If an alleged accomplice of the defendant testifies against the defendant in a

case in which the defendant is charged with complicity in the commission

of or an attempt to commit an offense, an attempt to commit an offense, or

an offense, the court, when it charges the jury, shall state substantially the

following:

“The testimony of an accomplice does not become inadmissible because of his complicity, moral turpitude, or self-interest, but the admitted or claimed complicity of a witness may affect his credibility and make his testimony subject to grave suspicion, and require that it be weighed with great caution. It is for you, as jurors, in the light of all the facts presented to you from the witness stand, to evaluate such testimony and to determine its quality and worth or its lack of quality and worth.”

{¶87} In this case, the trial court gave the following accomplice instruction:

Testimony of an accomplice. You have heard testimony from Jay Hillsman, Umar Clark, Junior, and Ron Brunson, other persons who pleaded guilty to or are accused of the same crime — crimes charged in this case and are said to be accomplices.

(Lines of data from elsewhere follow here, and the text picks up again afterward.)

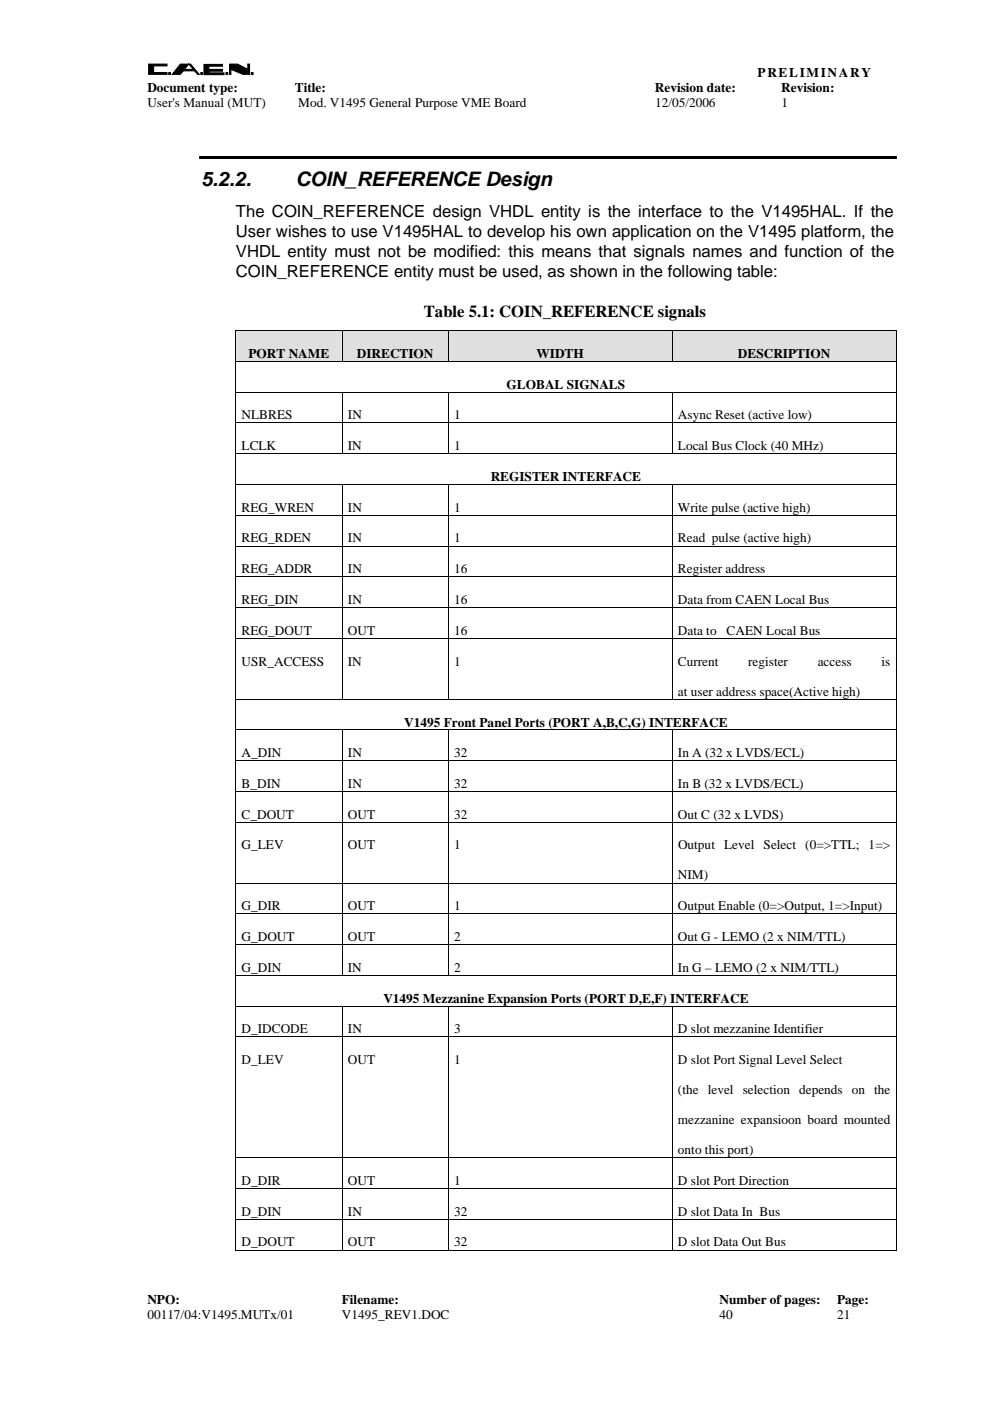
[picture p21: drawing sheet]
<svg xmlns="http://www.w3.org/2000/svg" width="210mm" height="297mm" viewBox="0 0 210 297" stroke-linecap="round" stroke-linejoin="round" font-family="sans-serif">
<defs><g id="words">
<g font-size="4.2">
<text x="42.7" y="39.5">5.2.2.</text>
<text x="62.7" y="39.5">COIN_REFERENCE Design</text>
</g>
<g font-size="3.5">
<text x="50" y="46">The COIN_REFERENCE design VHDL entity is the interface to the V1495HAL. If the</text>
<text x="50" y="50.2">User wishes to use V1495HAL to develop his own application on the V1495 platform, the</text>
<text x="50" y="54.4">VHDL entity must not be modified: this means that signals names and function of the</text>
<text x="50" y="58.7">COIN_REFERENCE entity must be used, as shown in the following table:</text>
<text x="89.9" y="67.1">Table 5.1: COIN_REFERENCE signals</text>
</g>
<g font-size="2.8">
<text x="160.6" y="16.3">PRELIMINARY</text>
<text x="31.2" y="19.6">Document type:</text>
<text x="31.2" y="22.7">User's Manual (MUT)</text>
<text x="62.5" y="19.6">Title:</text>
<text x="63.2" y="22.7">Mod. V1495 General Purpose VME Board</text>
<text x="138.9" y="19.6">Revision date:</text>
<text x="138.9" y="22.7">12/05/2006</text>
<text x="165.6" y="19.6">Revision:</text>
<text x="165.7" y="22.7">1</text>
<text x="52.7" y="75.9">PORT NAME</text>
<text x="75.6" y="75.9">DIRECTION</text>
<text x="113.8" y="75.9">WIDTH</text>
<text x="156.5" y="75.9">DESCRIPTION</text>
<text x="107.4" y="82.5">GLOBAL SIGNALS</text>
<text x="51.2" y="88.9">NLBRES</text>
<text x="73.8" y="88.9">IN</text>
<text x="96.3" y="88.9">1</text>
<text x="143.7" y="88.9">Async Reset (active low)</text>
<text x="51.2" y="95.4">LCLK</text>
<text x="73.8" y="95.4">IN</text>
<text x="96.3" y="95.4">1</text>
<text x="143.7" y="95.4">Local Bus Clock (40 MHz)</text>
<text x="104" y="102">REGISTER INTERFACE</text>
<text x="51.2" y="108.5">REG_WREN</text>
<text x="73.8" y="108.5">IN</text>
<text x="96.3" y="108.5">1</text>
<text x="143.7" y="108.5">Write pulse (active high)</text>
<text x="51.2" y="115">REG_RDEN</text>
<text x="73.8" y="115">IN</text>
<text x="96.3" y="115">1</text>
<text x="143.7" y="115">Read pulse (active high)</text>
<text x="51.2" y="121.6">REG_ADDR</text>
<text x="73.8" y="121.6">IN</text>
<text x="96.3" y="121.6">16</text>
<text x="143.7" y="121.6">Register address</text>
<text x="51.2" y="128.1">REG_DIN</text>
<text x="73.8" y="128.1">IN</text>
<text x="96.3" y="128.1">16</text>
<text x="143.7" y="128.1">Data from CAEN Local Bus</text>
<text x="51.2" y="134.6">REG_DOUT</text>
<text x="73.8" y="134.6">OUT</text>
<text x="96.3" y="134.6">16</text>
<text x="143.7" y="134.6">Data to</text>
<text x="154.1" y="134.6">CAEN Local Bus</text>
<text x="51.2" y="141.1">USR_ACCESS</text>
<text x="73.8" y="141.1">IN</text>
<text x="96.3" y="141.1">1</text>
<text x="143.7" y="141.1">Current</text>
<text x="158.6" y="141.1">register</text>
<text x="173.4" y="141.1">access</text>
<text x="186.9" y="141.1">is</text>
<text x="143.7" y="147.5">at user address space(Active high)</text>
<text x="85.7" y="154.1">V1495 Front Panel Ports (PORT A,B,C,G) INTERFACE</text>
<text x="51.2" y="160.5">A_DIN</text>
<text x="73.8" y="160.5">IN</text>
<text x="96.3" y="160.5">32</text>
<text x="143.7" y="160.5">In A (32 x LVDS/ECL)</text>
<text x="51.2" y="167.1">B_DIN</text>
<text x="73.8" y="167.1">IN</text>
<text x="96.3" y="167.1">32</text>
<text x="143.8" y="167.1">In B (32 x LVDS/ECL)</text>
<text x="51.2" y="173.6">C_DOUT</text>
<text x="73.8" y="173.6">OUT</text>
<text x="96.3" y="173.6">32</text>
<text x="143.7" y="173.6">Out C (32 x LVDS)</text>
<text x="51.2" y="180.1">G_LEV</text>
<text x="73.8" y="180.1">OUT</text>
<text x="96.3" y="180.1">1</text>
<text x="143.8" y="180.1">Output Level Select (0=&gt;TTL; 1=&gt;</text>
<text x="143.7" y="186.5">NIM)</text>
<text x="51.2" y="193">G_DIR</text>
<text x="73.8" y="193">OUT</text>
<text x="96.3" y="193">1</text>
<text x="143.7" y="193">Output Enable (0=&gt;Output, 1=&gt;Input)</text>
<text x="51.2" y="199.5">G_DOUT</text>
<text x="73.8" y="199.5">OUT</text>
<text x="96.3" y="199.5">2</text>
<text x="143.7" y="199.5">Out G - LEMO (2 x NIM/TTL)</text>
<text x="51.2" y="206">G_DIN</text>
<text x="73.8" y="206">IN</text>
<text x="96.3" y="206">2</text>
<text x="143.7" y="206">In G – LEMO (2 x NIM/TTL)</text>
<text x="81.3" y="212.6">V1495 Mezzanine Expansion Ports (PORT D,E,F) INTERFACE</text>
<text x="51.2" y="219.1">D_IDCODE</text>
<text x="73.8" y="219.1">IN</text>
<text x="96.3" y="219.1">3</text>
<text x="143.7" y="219.1">D slot mezzanine Identifier</text>
<text x="51.2" y="225.6">D_LEV</text>
<text x="73.8" y="225.6">OUT</text>
<text x="96.3" y="225.6">1</text>
<text x="143.7" y="225.6">D slot Port Signal Level Select</text>
<text x="143.7" y="232">(the level selection depends on the</text>
<text x="143.7" y="238.3">mezzanine expansioon board mounted</text>
<text x="143.7" y="244.7">onto this port)</text>
<text x="51.2" y="251.2">D_DIR</text>
<text x="73.8" y="251.2">OUT</text>
<text x="96.3" y="251.2">1</text>
<text x="143.7" y="251.2">D slot Port Direction</text>
<text x="51.2" y="257.7">D_DIN</text>
<text x="73.8" y="257.7">IN</text>
<text x="96.3" y="257.7">32</text>
<text x="143.7" y="257.7">D slot Data In Bus</text>
<text x="51.2" y="264.2">D_DOUT</text>
<text x="73.8" y="264.2">OUT</text>
<text x="96.3" y="264.2">32</text>
<text x="143.7" y="264.2">D slot Data Out Bus</text>
<text x="31.2" y="276.5">NPO:</text>
<text x="31.2" y="279.7">00117/04:V1495.MUTx/01</text>
<text x="72.5" y="276.5">Filename:</text>
<text x="72.5" y="279.7">V1495_REV1.DOC</text>
<text x="152.5" y="279.7">40</text>
<text x="152.5" y="276.5">Number of pages:</text>
<text x="177.5" y="276.5">Page:</text>
<text x="177.5" y="279.7">21</text>
</g>
</g></defs>
<g fill="#000" stroke="#000" stroke-width=".21">
<path d="M31.5 13.6h3.9v.4h-2.8v1.4h2.8v.4h-3.9z" fill-rule="evenodd"/>
<path d="M35.8 15.4h.4v.4h-.4z" fill-rule="evenodd"/>
<path d="M38.2 13.6h2.2l1.8 2.2h-.3l-1.9-2.2-1.8 2.2h-1.7z" fill-rule="evenodd"/>
<path d="M38.3 14.7h2.8v.3h-2.8z" fill-rule="evenodd"/>
<path d="M42.6 15.4h.3v.4h-.3z" fill-rule="evenodd"/>
<path d="M43.2 13.7h4v.3h-2.9v.7h2.9v.4h-2.9v.4h3.2v.3h-4.3z" fill-rule="evenodd"/>
<path d="M47.9 15.4h.4v.4h-.4z" fill-rule="evenodd"/>
<path d="M48.7 13.6h1.7l2.1 1.1v-1.1h.4v2.2h-1.4l-2.5-1.1v1.1h-.3z" fill-rule="evenodd"/>
<path d="M53.3 15.4h.4v.4h-.4z" fill-rule="evenodd"/>
</g>
<path d="M42.2 33.2h147.9v.5h-147.9z" fill="#000"/>
<g fill="#dfdfdf">
<path d="M51.2 70.2h20.1v6.3h-20.1z"/>
<path d="M50.1 70.2h22.3v6.4h-22.3z"/>
<path d="M73.8 70.2h20v6.3h-20z"/>
<path d="M72.6 70.2h22.4v6.4h-22.4z"/>
<path d="M96.3 70.2h45v6.3h-45z"/>
<path d="M95.1 70.2h47.4v6.4h-47.4z"/>
<path d="M143.7 70.2h45.1v6.3h-45.1z"/>
<path d="M142.6 70.2h47.3v6.4h-47.3z"/>
</g>
<path d="M49.9 70h.2v.2h-.2zM189.9 70h.2v.2h-.2zM189.9 264.9h.2v.2h-.2z" fill="#000"/>
<g fill="none" stroke="#000" stroke-width=".21">
<path d="M49.9 70.1h140.2M49.9 76.6h140.2M50 70.2v6.4M50 76.7v6.4M72.5 70.2v6.4M95 70.2v6.4M142.5 70.2v6.4M190 70.2v6.4M190 76.7v6.4M49.9 83.2h140.2M49.9 89.7h140.2M49.9 96.2h140.2"/>
<path d="M50 83.2v6.4M50 89.8v6.3M50 96.3v6.4M72.5 83.2v6.4M72.5 89.8v6.3M95 83.2v6.4M95 89.8v6.3M142.5 83.2v6.4M142.5 89.8v6.3M190 83.2v6.4M190 89.8v6.3M190 96.3v6.4"/>
<path d="M49.9 102.7h140.2M49.9 109.3h140.2M49.9 115.8h140.2M50 102.8v6.4M50 109.3v6.4M50 115.9v6.3M72.5 102.8v6.4M72.5 109.3v6.4M72.5 115.9v6.3M95 102.8v6.4M95 109.3v6.4M95 115.9v6.3"/>
<path d="M142.5 102.8v6.4M142.5 109.3v6.4M142.5 115.9v6.3M190 102.8v6.4M190 109.3v6.4M190 115.9v6.3M49.9 122.3h140.2M49.9 128.8h140.2M49.9 135.4h140.2M50 122.4v6.4M50 128.9v6.4M50 135.5v12.7"/>
<path d="M72.5 122.4v6.4M72.5 128.9v6.4M72.5 135.5v12.7M95 122.4v6.4M95 128.9v6.4M95 135.5v12.7M142.5 122.4v6.4M142.5 128.9v6.4M142.5 135.5v12.7M190 122.4v6.4M190 128.9v6.4M190 135.5v12.7"/>
<path d="M49.9 148.3h140.2M49.9 154.8h140.2M50 148.3v6.4M50 154.9v6.3M72.5 154.9v6.3M95 154.9v6.3M142.5 154.9v6.3M190 148.3v6.4M190 154.9v6.3M49.9 161.3h140.2M49.9 167.8h140.2M49.9 174.3h140.2"/>
<path d="M50 161.4v6.3M50 167.9v6.4M50 174.4v12.8M72.5 161.4v6.3M72.5 167.9v6.4M72.5 174.4v12.8M95 161.4v6.3M95 167.9v6.4M95 174.4v12.8M142.5 161.4v6.3M142.5 167.9v6.4M142.5 174.4v12.8"/>
<path d="M190 161.4v6.3M190 167.9v6.4M190 174.4v12.8M49.9 187.2h140.2M49.9 193.8h140.2M50 187.3v6.4M50 193.8v6.4M72.5 187.3v6.4M72.5 193.8v6.4M95 187.3v6.4M95 193.8v6.4M142.5 187.3v6.4"/>
<path d="M142.5 193.8v6.4M190 187.3v6.4M190 193.8v6.4M49.9 200.3h140.2M49.9 206.8h140.2M49.9 213.3h140.2M49.9 219.9h140.2M50 200.4v6.3M50 206.9v6.4M50 213.4v6.4M50 219.9v25.5M72.5 200.4v6.3"/>
<path d="M72.5 213.4v6.4M72.5 219.9v25.5M95 200.4v6.3M95 213.4v6.4M95 219.9v25.5M142.5 200.4v6.3M142.5 213.4v6.4M142.5 219.9v25.5M190 200.4v6.3M190 206.9v6.4M190 213.4v6.4M190 219.9v25.5"/>
<path d="M49.9 245.4h140.2M49.9 252h140.2M49.9 258.5h140.2M50 245.5v6.4M50 252.1v6.3M50 258.6v6.5M72.5 245.5v6.4M72.5 252.1v6.3M72.5 258.6v6.5M95 245.5v6.4M95 252.1v6.3M95 258.6v6.5"/>
<path d="M142.5 245.5v6.4M142.5 252.1v6.3M142.5 258.6v6.5M190 245.5v6.4M190 252.1v6.3M190 258.6v6.5M49.9 265h22.5M72.6 265h22.4M95.1 265h47.4M142.6 265h47.3"/>
</g>
<use href="#words"/>
</svg>

An accomplice is one who purposely or knowingly assists or joins another in the commission of a crime. Whether Jay Hillsman, Umar Clark, Junior, and Ron Brunson were accomplices and the weight to give their testimony are matters for you to determine. Testimony of a person who you find to be an accomplice should be viewed with grave suspicion and weighed with great caution.

{¶88} It is clear that the trial court did not give a verbatim instruction under R.C.

2923.03(D). Therefore the issue is whether the trial court gave a substantially similar

instruction.

{¶89} In State v. Estep, 4th Dist. Ross No. 94CA2072,

1996 Ohio App. LEXIS 915

(Mar. 5, 1996), the court held that the heart of the statutory charge is that

accomplice testimony is to be viewed with “grave suspicion” and “weighed with great

caution.” See State v. Tumbleson,

105 Ohio App.3d 693

,

664 N.E.2d 1318

(12th

Dist. 1995); State v. Adams, 9th Dist. Wayne No. 2621,

1992 Ohio App. LEXIS 786

(Feb.

26, 1992).

{¶90} In this case, the trial court’s instruction included both of these concepts.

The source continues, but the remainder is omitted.